Investors see deflation as bigger threat than inflation
Despite trillions of dollars in monetary stimulus unleashed by major central banks in recent years, investors see deflation as a bigger threat than inflation over the next 12-24 months, according to a new survey.
Over 60 percent of the 912 global investors polled in Barclays' Global Macro Survey view downward price pressures as a greater risk than inflation.
Deflation fears are reflected in investors' outlook for gold, which is typically used as a hedge against inflation.
(Read more: Gold below $1200 needed for 'new equilibrium')
Around 25 percent of investors expect gold to fall below $1,200 an ounce by the end of the first quarter of 2014, while another 25 percent or so expect it will trade between $1,200 and $1,250, the survey showed. The yellow metal is currently trading at $1,239.
Mounting deflationary pressures in the euro zone, for example, have become a serious concern, prompting the European Central Bank (ECB) cut its benchmark rate to a record low of 0.25 percent in early November.
Euro zone inflation fell to 0.7 percent on year in October – its lowest since November 2009 – triggering worries that the region is at risk of a Japan-style deflationary rut.
"Low/falling inflation suggests that right now deflation is maybe more of a risk than rising inflation in developed countries. Falling inflation reflects significant spare capacity globally and soft commodity prices," said Shane Oliver, head of investment strategy and chief economist at AMP Capital.
"In the current environment, a slide into deflation would likely be bad. Falling wages and prices would make it harder to service debts. And when prices fall people put off decisions to spend and invest, which could potentially threaten a relapse into recession," he said.
(Read more: Is the euro zone atrisk of Japan style deflation?)
The biggest preoccupation for investors, however, remains the prospect of the Federal Reserve tapering its asset purchases, according to the survey. The majority expect the central bank will first adjust the pace of its monthly bond purchases in March 2014.
While tapering expectations have triggered a rise in U.S. government bond yields this year, the majority of investors do not expect a large reaction from the Treasury market once it starts.
Around 45 percent expect 10-year U.S. Treasury yields will remain in the 2.5-3.0 percent range by the end of the first quarter, while 40 percent see yields between 3.0-3.5 percent. 10-year treasury yields currently stand at 2.73 percent.
Top asset class
Nearly 60 percent of investors believe stocks will provide the best returns over the next three months, with European equities expected to outperform.

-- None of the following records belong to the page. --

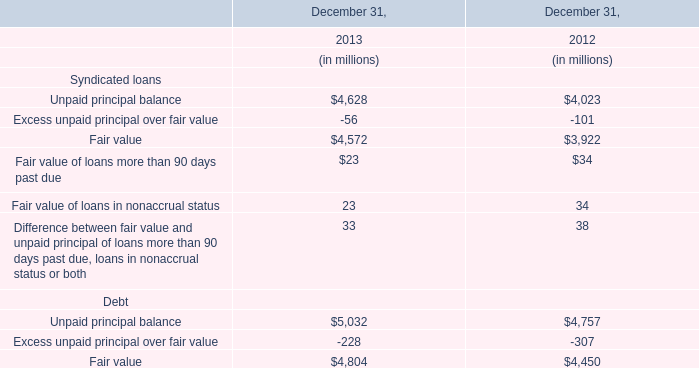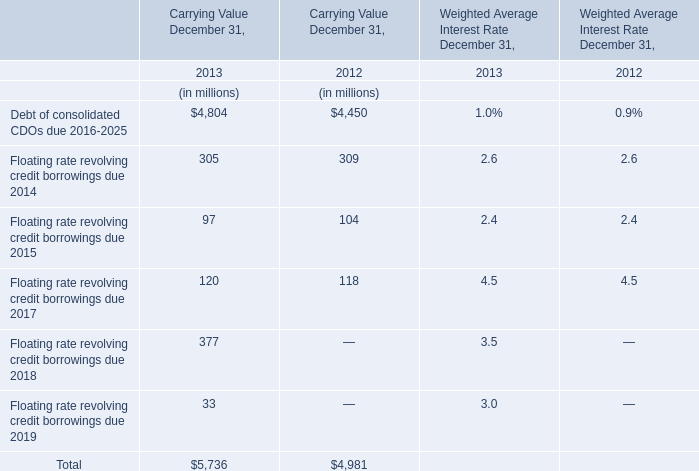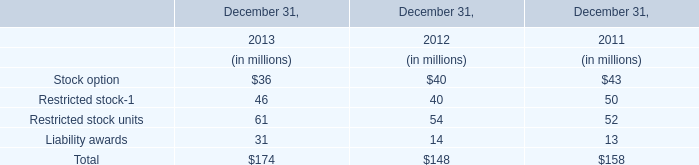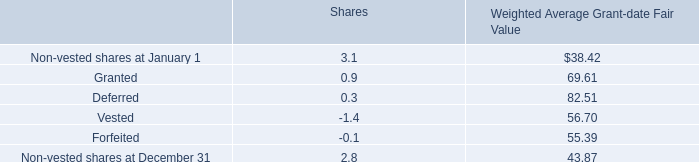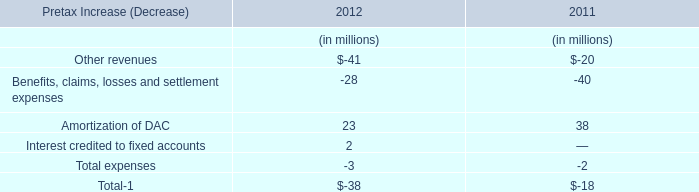Which year is carrying value of Floating rate revolving credit borrowings due 2014 the lowest? 
Answer: 2013. 
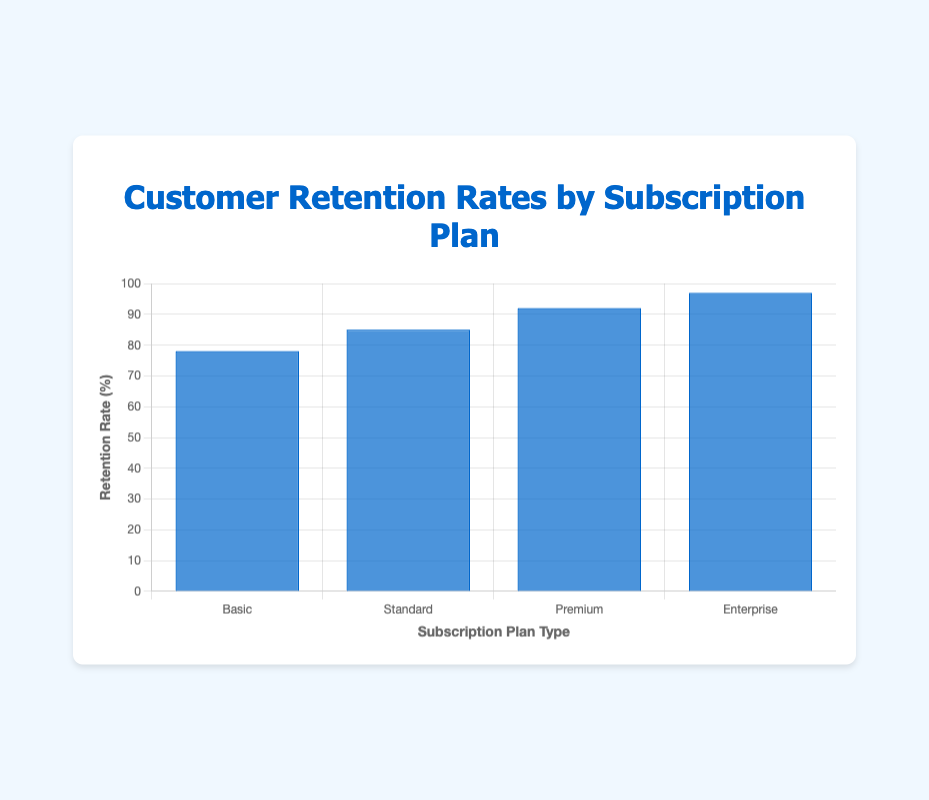What is the retention rate of the Enterprise subscription plan? The Enterprise subscription plan shows an individual bar reaching 97% on the y-axis, indicating the retention rate for that plan.
Answer: 97% Which subscription plan type has the lowest retention rate? By comparing the heights of the bars, the Basic plan has the shortest bar, indicating it has the lowest retention rate of 78%.
Answer: Basic How much higher is the retention rate for the Premium plan compared to the Basic plan? The retention rate for the Premium plan is 92%, while it's 78% for the Basic plan. The difference is 92% - 78% = 14%.
Answer: 14% What is the average retention rate across all subscription plans? Sum the retention rates: 78 + 85 + 92 + 97 = 352. There are 4 plans, so the average rate is 352 / 4 = 88%.
Answer: 88% If the Standard plan's retention rate increased by 5%, how would its rate compare to the Premium plan's rate? The current retention rate for the Standard plan is 85%. An increase of 5% would make it 85% + 5% = 90%, which is still 2% lower than the Premium plan's rate of 92%.
Answer: 2% lower Which subscription plan shows an increase of more than 8% when compared to the plan with the next lower retention rate? The Premium plan has a retention rate of 92%, which is 7% higher than the Standard plan’s 85%. The Enterprise plan’s 97% is 5% higher than the Premium plan's rate. The comparison that meets the condition is from the Basic plan’s 78% to the Standard plan’s 85%, an increase of 7%. None meet the 8% or more increase.
Answer: None Rank the subscription plans by retention rate from highest to lowest. By comparing the heights of the bars from left to right, Enterprise (97%), Premium (92%), Standard (85%), and Basic (78%).
Answer: Enterprise, Premium, Standard, Basic What is the combined retention rate of the Standard and Enterprise plans? The retention rates are 85% for the Standard plan and 97% for the Enterprise plan. The combined retention rate is 85% + 97% = 182%.
Answer: 182% How much higher is the retention rate of the Enterprise plan compared to the average retention rate across all plans? The average retention rate calculated earlier is 88%. The difference is 97% (Enterprise) - 88% (average) = 9%.
Answer: 9%

The majority, or 28 percent, of survey respondents also said they believed the most prominent cross asset rotation over the next 12 months would be from safe-haven bonds to equities.
Meanwhile, 25 percent expect a rotation from U.S. stocks to other equity markets, such as Europe, Japan or emerging markets, will take place.
The bullish sentiment towards equities contrasts with significantly reduced enthusiasm for commodities and safe-haven bonds.